Aeroporto di Napoli.

Per tutto il tragitto verso l'aeroporto, i miei genitori non fecero altro che parlare del risultato delle elezioni, mio padre ne era entusiasta, a quel punto decisi di mettere le cuffie nell'orecchio per smetterla di ascoltarli... d'altronde... facevo parte di quella categoria che la neopresidente del consiglio reputa deviati: tatuata, con il vizio del fumo, ogni tanto faccio anche uso di alcool, ma solo perché mi piace divertirmi, non perché ne sia dipendente, oh, dimenticavo...lesbica. Comunque, controllavo compulsivamente l'orario spaventata dall'idea che potessi perdere l'aereo e mandare all'aria quell'occasione, era un sogno che stava diventando realtà e non potevo permettermi che succedesse.

Scesa dalla macchina, aprì il portabagagli e presi la valigia, poggiandola sull'asfalto, poi fu il turno della chitarra. Tenevo stretta il manico della custodia come se avessi paura di perderla (e ci mancherebbe visto quello che mi era costata).
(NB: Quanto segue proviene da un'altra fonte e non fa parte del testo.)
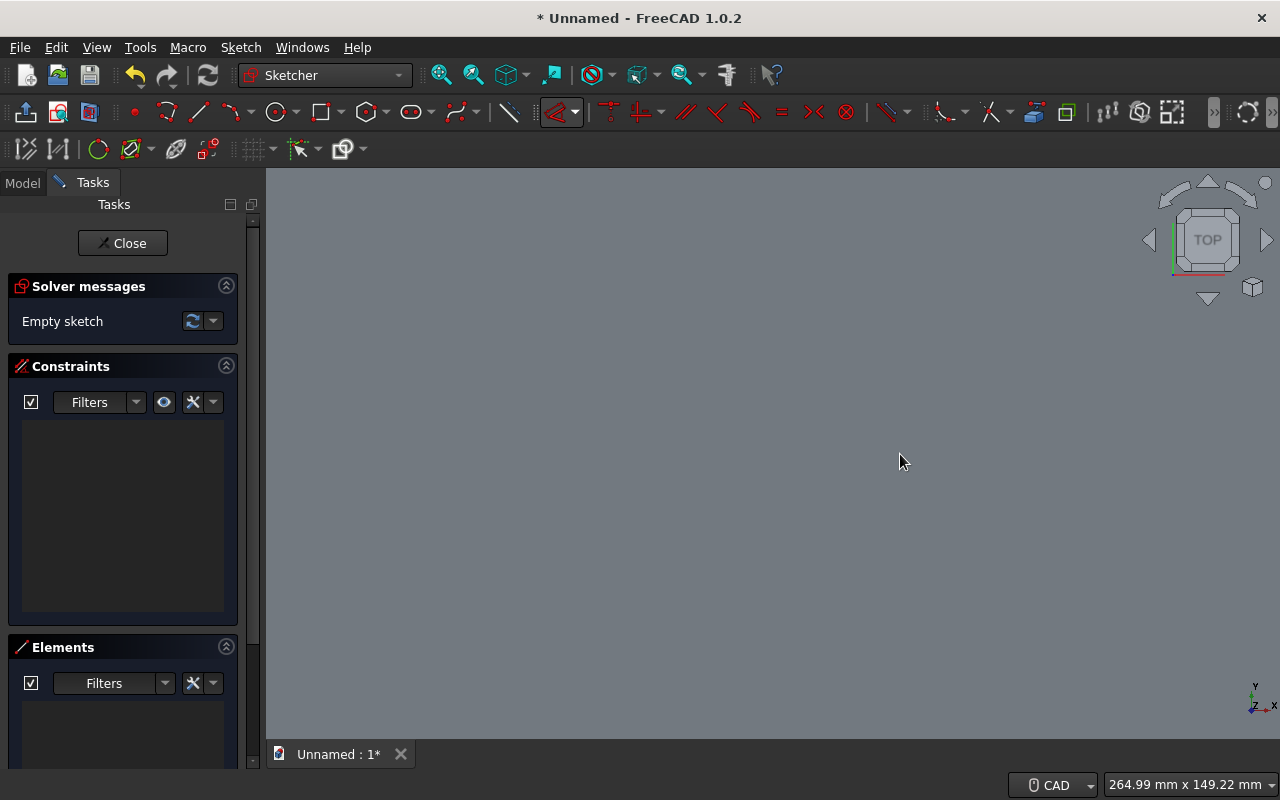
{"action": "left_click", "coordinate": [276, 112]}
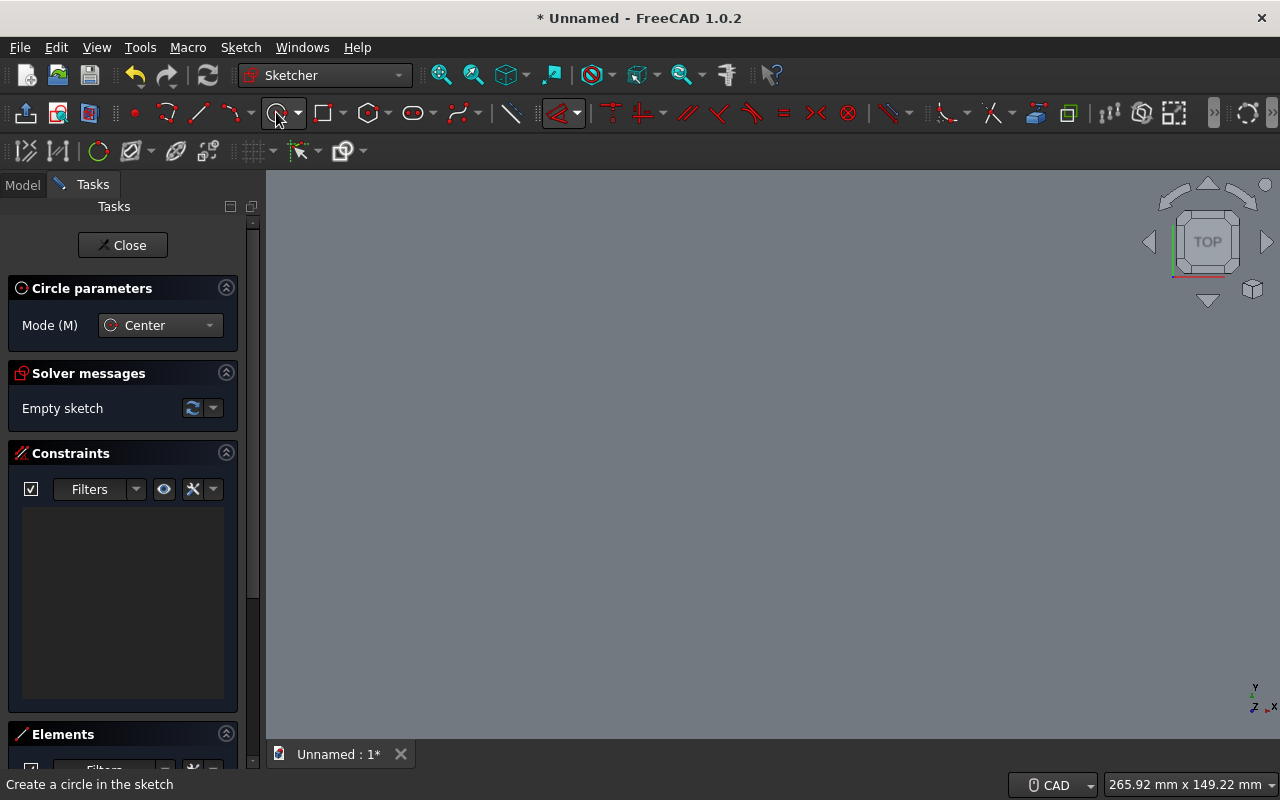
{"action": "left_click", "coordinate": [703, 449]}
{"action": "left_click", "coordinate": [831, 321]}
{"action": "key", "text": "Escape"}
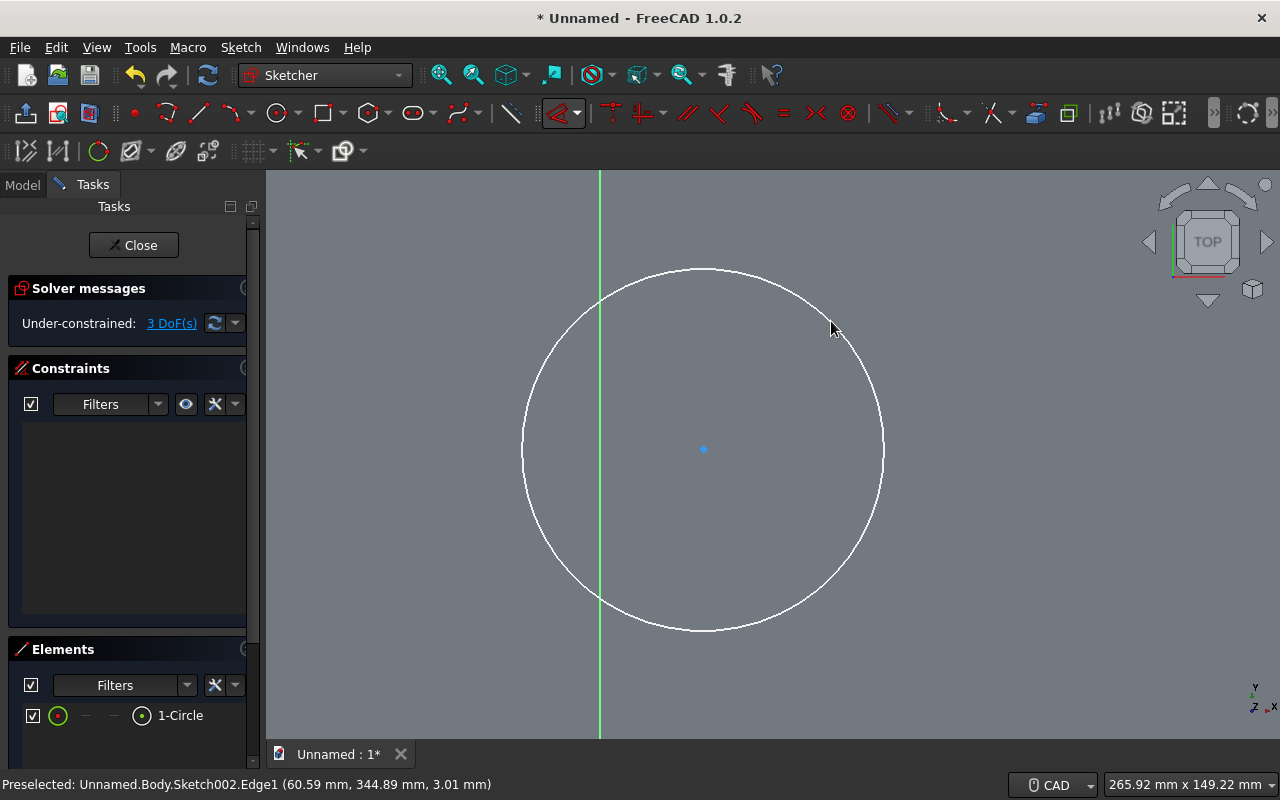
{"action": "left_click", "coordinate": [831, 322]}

Mia madre mi teneva stretto l'avambraccio, sembrava restìa a lasciarmi andare e per quanto fossi combattuta, quella era la mia grande occasione ‹mamma, stai tranquilla, ci rivediamo presto!› dissi, cercando di tranquillizzarla ‹è la prima volta che voli così lontano, se mai dovessi avere qualche difficoltà, non esitare a chiamarci, capito? Noi siamo qui per te!› mia madre mi abbracciò forte e quando mi lasciò andare notai gli occhi lucidi ed una lacrima rigarle il viso, gliel'asciugai con il pollice ‹‹non temere, starò bene!›› la tranquillizzai, ricambiando l'abbraccio, che concessi anche a mio padre e mio fratello.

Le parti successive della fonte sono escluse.